🤖 AI Summary
Conventional architectures struggle to support large-scale linear optimization, and existing algorithms are poorly suited for resistive random-access memory (RRAM)-based in-memory computing (IMC).
Method: This paper proposes an algorithm–hardware co-designed distributed IMC framework. It is the first to implement the primal-dual hybrid gradient (PDHG) algorithm on RRAM, employing a symmetric block-matrix structure to unify distributed crossbar operations. This design significantly reduces write overhead from frequent reprogramming and enhances robustness against device non-idealities.
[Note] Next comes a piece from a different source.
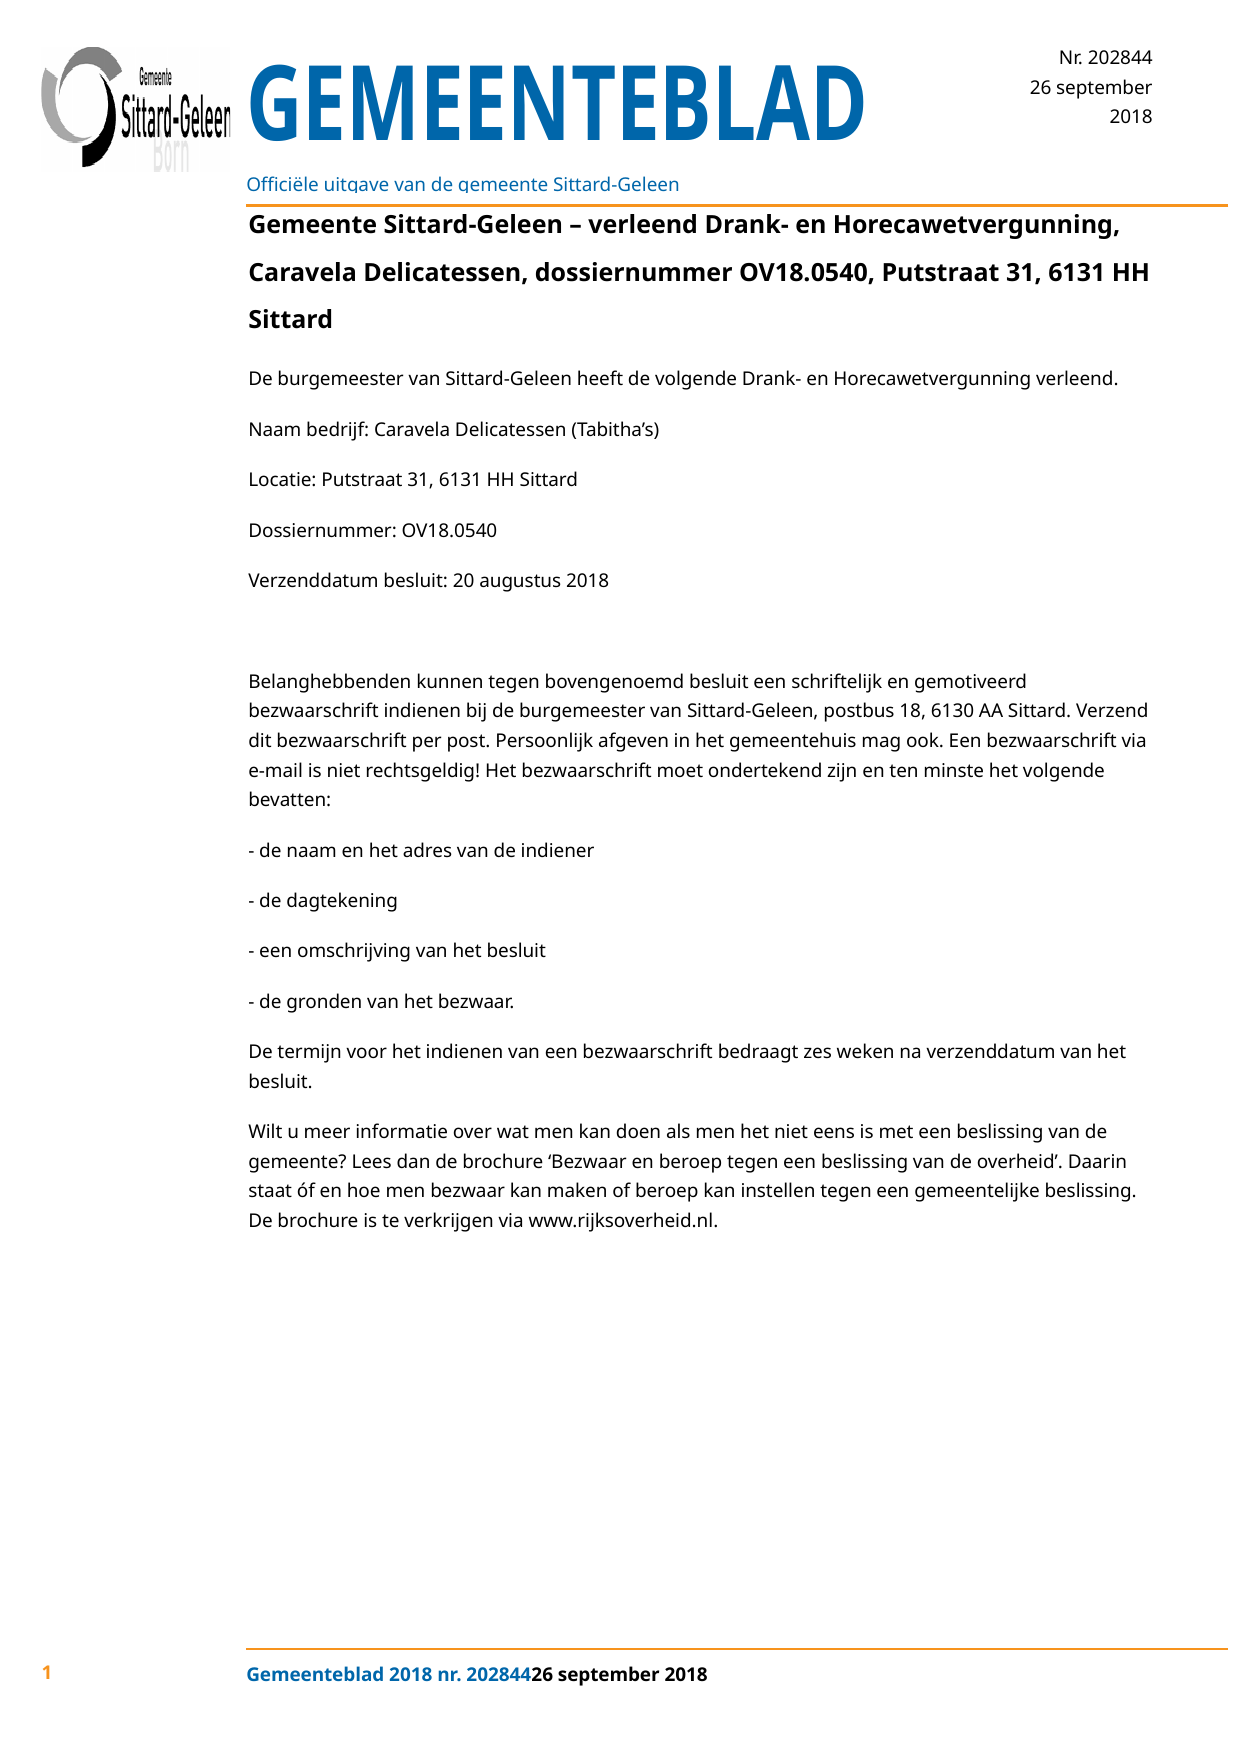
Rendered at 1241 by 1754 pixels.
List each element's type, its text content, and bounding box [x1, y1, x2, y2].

Leveraging the MELISO+ physical-level simulation framework, the approach integrates analog-domain matrix computation with robust optimization techniques.
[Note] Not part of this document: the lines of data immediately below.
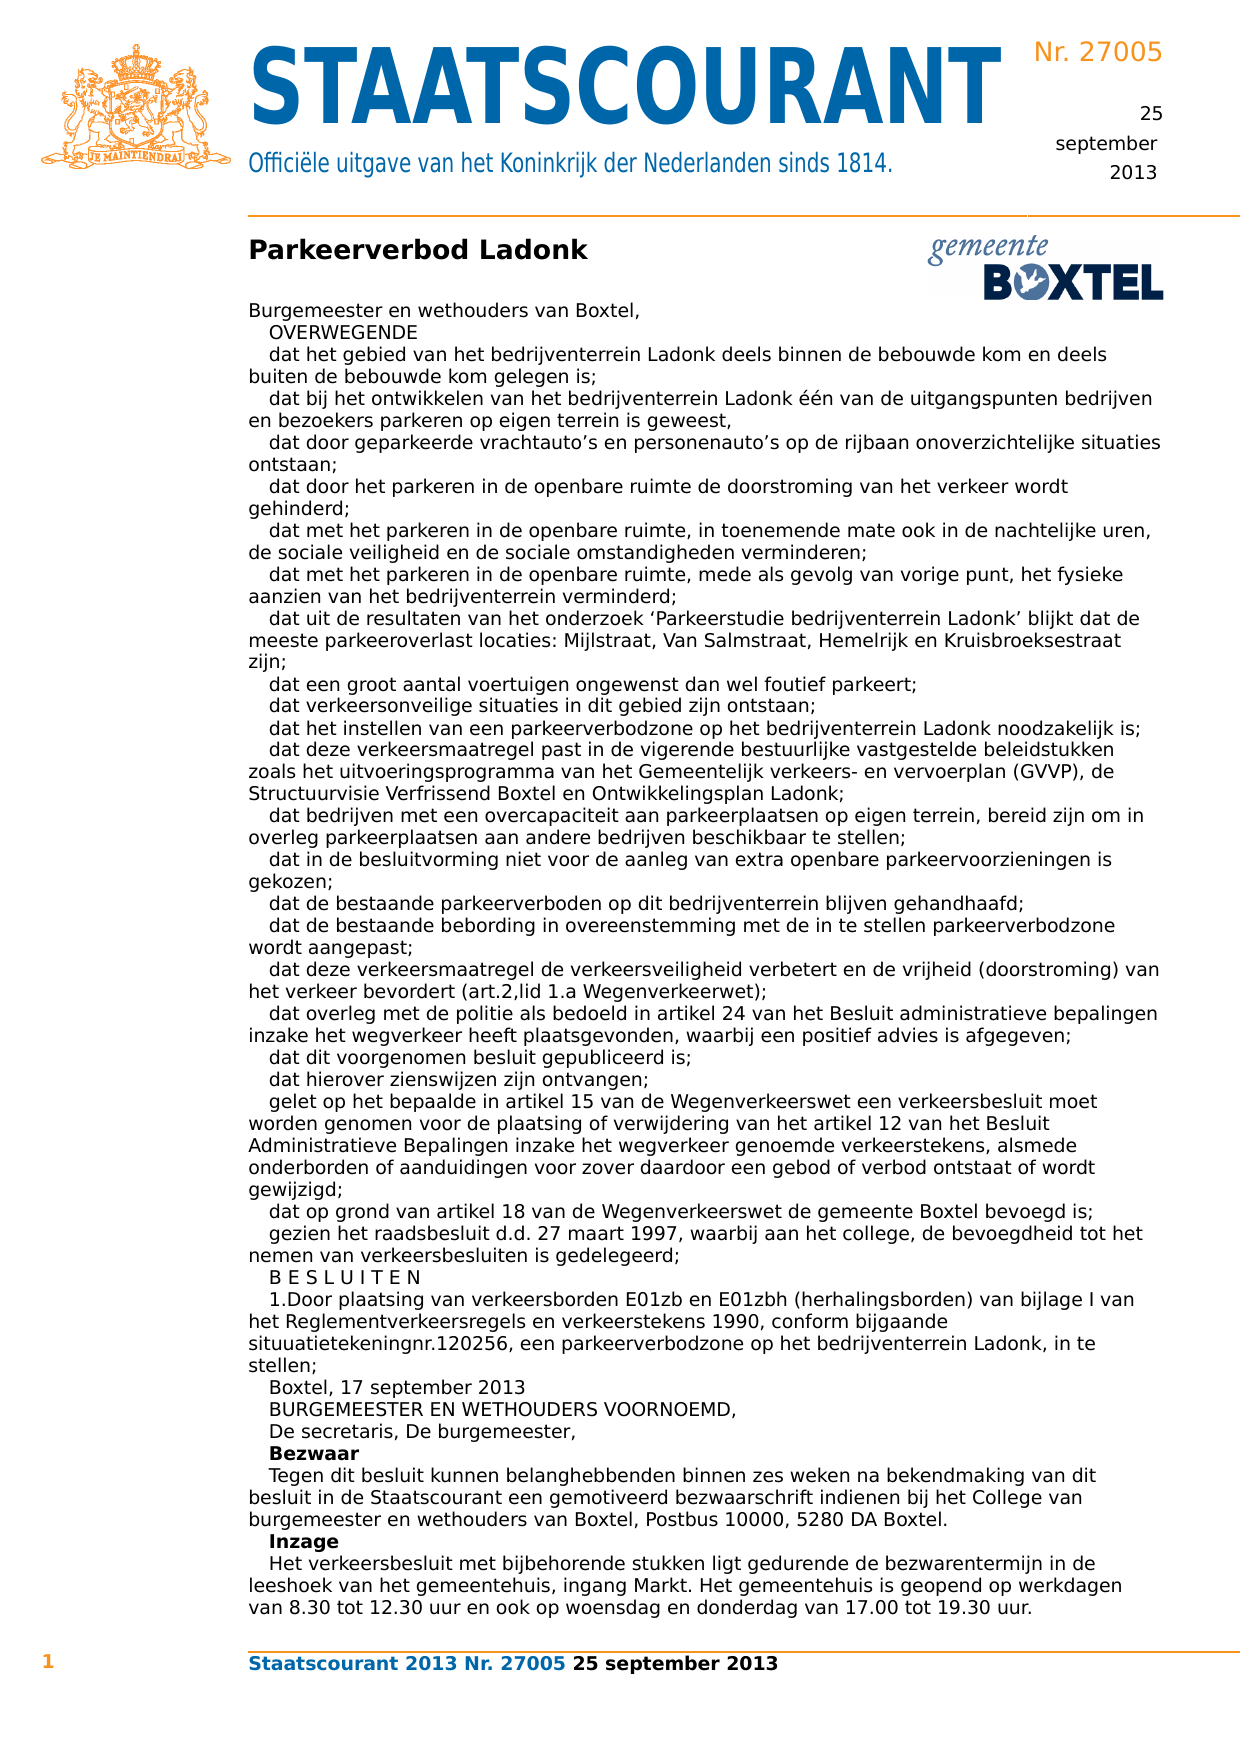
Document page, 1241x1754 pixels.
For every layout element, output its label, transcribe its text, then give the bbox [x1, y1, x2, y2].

text dat de bestaande bebording in overeenstemming met de in te stellen parkeerverbodzone wordt aangepast; [248, 915, 1163, 959]
text dat bij het ontwikkelen van het bedrijventerrein Ladonk één van de uitgangspunten bedrijven en bezoekers parkeren op eigen terrein is geweest, [248, 388, 1163, 432]
text dat door het parkeren in de openbare ruimte de doorstroming van het verkeer wordt gehinderd; [248, 476, 1163, 519]
text dat uit de resultaten van het onderzoek ‘Parkeerstudie bedrijventerrein Ladonk’ blijkt dat de meeste parkeeroverlast locaties: Mijlstraat, Van Salmstraat, Hemelrijk en Kruisbroeksestraat zijn; [248, 607, 1163, 673]
text gezien het raadsbesluit d.d. 27 maart 1997, waarbij aan het college, de bevoegdheid tot het nemen van verkeersbesluiten is gedelegeerd; [248, 1223, 1163, 1267]
text Bezwaar [248, 1443, 1163, 1465]
text dat overleg met de politie als bedoeld in artikel 24 van het Besluit administratieve bepalingen inzake het wegverkeer heeft plaatsgevonden, waarbij een positief advies is afgegeven; [248, 1003, 1163, 1047]
text Tegen dit besluit kunnen belanghebbenden binnen zes weken na bekendmaking van dit besluit in de Staatscourant een gemotiveerd bezwaarschrift indienen bij het College van burgemeester en wethouders van Boxtel, Postbus 10000, 5280 DA Boxtel. [248, 1465, 1163, 1531]
subtitle Parkeerverbod Ladonk [248, 235, 927, 266]
text dat het gebied van het bedrijventerrein Ladonk deels binnen de bebouwde kom en deels buiten de bebouwde kom gelegen is; [248, 344, 1163, 388]
text dat met het parkeren in de openbare ruimte, mede als gevolg van vorige punt, het fysieke aanzien van het bedrijventerrein verminderd; [248, 563, 1163, 607]
text dat een groot aantal voertuigen ongewenst dan wel foutief parkeert; [248, 673, 1163, 695]
text dat de bestaande parkeerverboden op dit bedrijventerrein blijven gehandhaafd; [248, 893, 1163, 915]
text dat door geparkeerde vrachtauto’s en personenauto’s op de rijbaan onoverzichtelijke situaties ontstaan; [248, 432, 1163, 476]
text BURGEMEESTER EN WETHOUDERS VOORNOEMD, [248, 1399, 1163, 1421]
text dat dit voorgenomen besluit gepubliceerd is; [248, 1047, 1163, 1069]
text dat op grond van artikel 18 van de Wegenverkeerswet de gemeente Boxtel bevoegd is; [248, 1201, 1163, 1223]
text gelet op het bepaalde in artikel 15 van de Wegenverkeerswet een verkeersbesluit moet worden genomen voor de plaatsing of verwijdering van het artikel 12 van het Besluit Administratieve Bepalingen inzake het wegverkeer genoemde verkeerstekens, alsmede onderborden of aanduidingen voor zover daardoor een gebod of verbod ontstaat of wordt gewijzigd; [248, 1091, 1163, 1201]
text De secretaris, De burgemeester, [248, 1421, 1163, 1443]
picture [927, 235, 1164, 300]
text Inzage [248, 1531, 1163, 1553]
text dat verkeersonveilige situaties in dit gebied zijn ontstaan; [248, 695, 1163, 717]
text dat met het parkeren in de openbare ruimte, in toenemende mate ook in de nachtelijke uren, de sociale veiligheid en de sociale omstandigheden verminderen; [248, 519, 1163, 563]
text Boxtel, 17 september 2013 [248, 1377, 1163, 1399]
text dat deze verkeersmaatregel de verkeersveiligheid verbetert en de vrijheid (doorstroming) van het verkeer bevordert (art.2,lid 1.a Wegenverkeerwet); [248, 959, 1163, 1003]
text B E S L U I T E N [248, 1267, 1163, 1289]
text dat het instellen van een parkeerverbodzone op het bedrijventerrein Ladonk noodzakelijk is; [248, 717, 1163, 739]
text dat hierover zienswijzen zijn ontvangen; [248, 1069, 1163, 1091]
text 1.Door plaatsing van verkeersborden E01zb en E01zbh (herhalingsborden) van bijlage I van het Reglementverkeersregels en verkeerstekens 1990, conform bijgaande situuatietekeningnr.120256, een parkeerverbodzone op het bedrijventerrein Ladonk, in te stellen; [248, 1289, 1163, 1377]
text dat in de besluitvorming niet voor de aanleg van extra openbare parkeervoorzieningen is gekozen; [248, 849, 1163, 893]
text dat deze verkeersmaatregel past in de vigerende bestuurlijke vastgestelde beleidstukken zoals het uitvoeringsprogramma van het Gemeentelijk verkeers- en vervoerplan (GVVP), de Structuurvisie Verfrissend Boxtel en Ontwikkelingsplan Ladonk; [248, 739, 1163, 805]
text OVERWEGENDE [248, 322, 1163, 344]
picture [41, 44, 231, 169]
text Burgemeester en wethouders van Boxtel, [248, 300, 1163, 322]
text Het verkeersbesluit met bijbehorende stukken ligt gedurende de bezwarentermijn in de leeshoek van het gemeentehuis, ingang Markt. Het gemeentehuis is geopend op werkdagen van 8.30 tot 12.30 uur en ook op woensdag en donderdag van 17.00 tot 19.30 uur. [248, 1553, 1163, 1618]
text dat bedrijven met een overcapaciteit aan parkeerplaatsen op eigen terrein, bereid zijn om in overleg parkeerplaatsen aan andere bedrijven beschikbaar te stellen; [248, 805, 1163, 849]

Results: On large-scale linear programming tasks, the framework achieves solution accuracy comparable to GPU-based solvers, while delivering up to three orders-of-magnitude reduction in energy consumption and latency. These results demonstrate both the feasibility and superiority of IMC for solving large-scale optimization problems.
📝 Abstract
The exponential growth of computational workloads is surpassing the capabilities of conventional architectures, which are constrained by fundamental limits. In-memory computing (IMC) with RRAM provides a promising alternative by providing analog computations with significant gains in latency and energy use. However, existing algorithms developed for conventional architectures do not translate to IMC, particularly for constrained optimization problems where frequent matrix reprogramming remains cost-prohibitive for IMC applications. Here we present a distributed in-memory primal-dual hybrid gradient (PDHG) method, specifically co-designed for arrays of RRAM devices. Our approach minimizes costly write cycles, incorporates robustness against device non-idealities, and leverages a symmetric block-matrix formulation to unify operations across distributed crossbars. We integrate a physics-based simulation framework called MELISO+ to evaluate performance under realistic device conditions. Benchmarking against GPU-accelerated solvers on large-scale linear programs demonstrates that our RRAM-based solver achieves comparable accuracy with up to three orders of magnitude reductions in energy consumption and latency. These results demonstrate the first PDHG-based LP solver implemented on RRAMs, showcasing the transformative potential of algorithm-hardware co-design for solving large-scale optimization through distributed in-memory computing.